__EXERCISE OBJECTIVE__
Which lines of the material contain the word "Pixel"? Show each one.

__MATERIAL SHOWN__
-=-=-=-=-
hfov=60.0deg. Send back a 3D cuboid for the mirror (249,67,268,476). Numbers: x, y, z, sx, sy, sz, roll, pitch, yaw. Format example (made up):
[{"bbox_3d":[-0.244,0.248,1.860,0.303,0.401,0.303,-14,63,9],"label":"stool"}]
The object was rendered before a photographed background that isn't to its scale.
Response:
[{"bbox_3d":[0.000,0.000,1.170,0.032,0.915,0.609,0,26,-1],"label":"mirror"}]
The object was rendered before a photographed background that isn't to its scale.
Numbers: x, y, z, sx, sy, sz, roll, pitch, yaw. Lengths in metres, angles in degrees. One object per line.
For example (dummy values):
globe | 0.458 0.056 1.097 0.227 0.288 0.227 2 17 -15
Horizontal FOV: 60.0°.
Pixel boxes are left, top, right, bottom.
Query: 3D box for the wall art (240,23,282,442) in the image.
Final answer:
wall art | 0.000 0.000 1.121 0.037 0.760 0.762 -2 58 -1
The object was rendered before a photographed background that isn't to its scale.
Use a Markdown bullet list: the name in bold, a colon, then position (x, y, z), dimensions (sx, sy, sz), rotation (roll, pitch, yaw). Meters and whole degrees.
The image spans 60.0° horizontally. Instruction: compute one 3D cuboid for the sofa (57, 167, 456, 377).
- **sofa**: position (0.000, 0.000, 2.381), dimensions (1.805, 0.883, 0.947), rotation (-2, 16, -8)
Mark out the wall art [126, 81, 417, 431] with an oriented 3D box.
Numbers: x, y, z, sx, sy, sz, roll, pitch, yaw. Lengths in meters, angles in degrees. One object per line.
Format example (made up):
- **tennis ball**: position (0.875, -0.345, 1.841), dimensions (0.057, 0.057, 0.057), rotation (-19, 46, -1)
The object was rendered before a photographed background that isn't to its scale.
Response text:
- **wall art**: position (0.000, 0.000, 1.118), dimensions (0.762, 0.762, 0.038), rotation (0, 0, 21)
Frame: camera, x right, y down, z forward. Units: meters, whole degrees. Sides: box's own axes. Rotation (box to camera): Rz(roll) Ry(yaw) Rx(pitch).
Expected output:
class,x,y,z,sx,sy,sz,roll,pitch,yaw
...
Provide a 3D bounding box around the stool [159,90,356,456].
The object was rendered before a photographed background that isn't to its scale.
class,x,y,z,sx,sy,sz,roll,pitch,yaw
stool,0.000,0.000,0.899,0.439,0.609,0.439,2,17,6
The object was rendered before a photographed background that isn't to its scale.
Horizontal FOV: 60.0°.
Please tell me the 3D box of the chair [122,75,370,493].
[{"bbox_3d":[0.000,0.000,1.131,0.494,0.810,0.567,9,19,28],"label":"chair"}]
-=-=-=-=-
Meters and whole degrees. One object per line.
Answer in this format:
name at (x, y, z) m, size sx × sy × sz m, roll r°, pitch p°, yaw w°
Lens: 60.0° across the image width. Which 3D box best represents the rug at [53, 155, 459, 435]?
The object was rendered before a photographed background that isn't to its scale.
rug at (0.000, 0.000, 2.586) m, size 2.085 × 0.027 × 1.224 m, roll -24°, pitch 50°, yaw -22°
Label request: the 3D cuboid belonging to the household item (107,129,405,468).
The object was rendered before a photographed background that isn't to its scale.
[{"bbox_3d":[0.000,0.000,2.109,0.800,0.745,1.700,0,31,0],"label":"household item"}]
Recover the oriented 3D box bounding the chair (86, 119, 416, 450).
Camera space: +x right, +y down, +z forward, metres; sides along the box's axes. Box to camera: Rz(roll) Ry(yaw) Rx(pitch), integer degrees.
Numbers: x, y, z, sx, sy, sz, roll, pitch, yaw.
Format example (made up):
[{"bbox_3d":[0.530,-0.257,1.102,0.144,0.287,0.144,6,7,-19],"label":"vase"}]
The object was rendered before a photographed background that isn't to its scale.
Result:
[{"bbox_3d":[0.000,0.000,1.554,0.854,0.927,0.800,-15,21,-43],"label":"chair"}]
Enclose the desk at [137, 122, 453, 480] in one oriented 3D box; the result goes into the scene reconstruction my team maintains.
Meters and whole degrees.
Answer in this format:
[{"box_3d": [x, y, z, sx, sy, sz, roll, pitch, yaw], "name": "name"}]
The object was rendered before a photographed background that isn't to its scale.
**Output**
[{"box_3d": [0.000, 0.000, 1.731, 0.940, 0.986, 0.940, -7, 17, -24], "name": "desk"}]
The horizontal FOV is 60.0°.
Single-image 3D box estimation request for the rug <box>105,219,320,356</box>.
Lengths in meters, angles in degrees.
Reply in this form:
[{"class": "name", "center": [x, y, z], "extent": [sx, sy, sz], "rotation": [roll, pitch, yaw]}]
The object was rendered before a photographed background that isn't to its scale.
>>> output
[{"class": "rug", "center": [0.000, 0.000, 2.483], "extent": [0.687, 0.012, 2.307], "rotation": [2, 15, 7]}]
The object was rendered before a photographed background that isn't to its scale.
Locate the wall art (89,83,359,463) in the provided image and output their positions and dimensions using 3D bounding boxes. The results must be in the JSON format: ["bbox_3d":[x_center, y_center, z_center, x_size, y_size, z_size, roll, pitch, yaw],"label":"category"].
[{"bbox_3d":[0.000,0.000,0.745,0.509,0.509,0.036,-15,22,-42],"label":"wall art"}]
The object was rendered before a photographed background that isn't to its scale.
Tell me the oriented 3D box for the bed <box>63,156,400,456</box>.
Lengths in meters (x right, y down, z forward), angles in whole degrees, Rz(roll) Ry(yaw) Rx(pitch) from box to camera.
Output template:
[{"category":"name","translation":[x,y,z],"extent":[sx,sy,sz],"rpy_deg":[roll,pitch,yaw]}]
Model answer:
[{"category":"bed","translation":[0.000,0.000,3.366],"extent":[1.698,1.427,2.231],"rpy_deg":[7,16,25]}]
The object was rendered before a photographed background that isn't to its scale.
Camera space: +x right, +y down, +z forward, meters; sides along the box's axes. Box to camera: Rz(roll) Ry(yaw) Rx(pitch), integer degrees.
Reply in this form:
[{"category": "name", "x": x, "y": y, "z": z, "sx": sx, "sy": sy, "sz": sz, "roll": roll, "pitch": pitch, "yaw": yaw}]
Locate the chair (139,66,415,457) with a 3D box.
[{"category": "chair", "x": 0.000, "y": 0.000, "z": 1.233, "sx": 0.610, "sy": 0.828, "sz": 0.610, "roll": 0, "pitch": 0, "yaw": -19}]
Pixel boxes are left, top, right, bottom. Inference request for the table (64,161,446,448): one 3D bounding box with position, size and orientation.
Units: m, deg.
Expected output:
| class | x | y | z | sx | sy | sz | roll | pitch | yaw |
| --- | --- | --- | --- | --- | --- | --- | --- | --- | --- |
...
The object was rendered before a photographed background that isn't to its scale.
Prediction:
-=-=-=-=-
__EXERCISE RESULT__
Pixel boxes are left, top, right, bottom.
Pixel boxes are left, top, right, bottom. Inference request for the table (64,161,446,448): one 3D bounding box with position, size and orientation.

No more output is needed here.